>>>

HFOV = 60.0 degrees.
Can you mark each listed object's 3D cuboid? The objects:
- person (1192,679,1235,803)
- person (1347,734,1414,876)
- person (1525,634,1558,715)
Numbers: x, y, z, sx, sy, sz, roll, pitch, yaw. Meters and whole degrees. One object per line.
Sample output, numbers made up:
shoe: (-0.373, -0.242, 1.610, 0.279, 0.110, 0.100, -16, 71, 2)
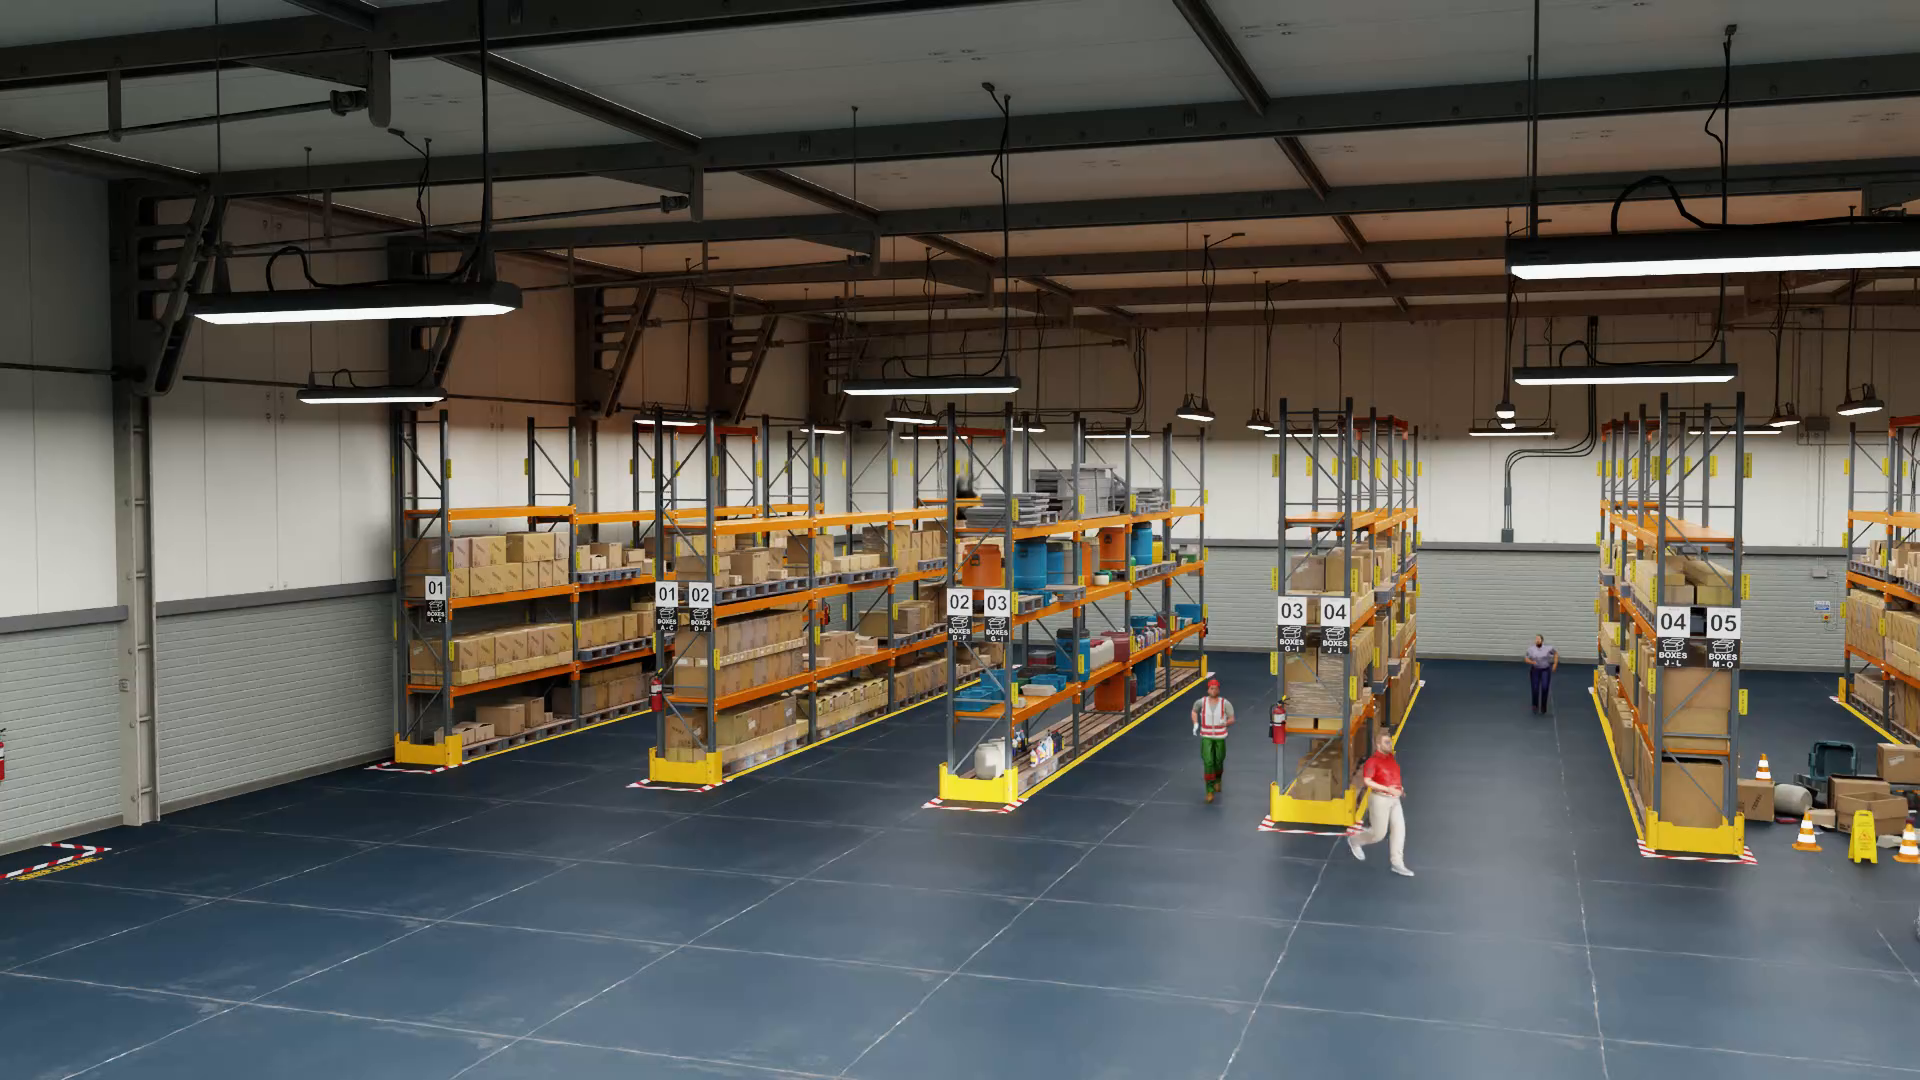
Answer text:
person: (3.846, 3.013, 25.249, 0.649, 1.804, 0.857, 0, 2, 8)
person: (5.252, 3.257, 20.650, 0.672, 1.715, 0.919, -2, 3, -38)
person: (11.845, 2.730, 33.903, 0.615, 1.635, 0.836, 1, 3, 24)

<<<

• _What the task requires_:
Could you please give the number of lines in the data above that contain the word "degrees"? Only the number is needed.

• _Finished exercise_:
2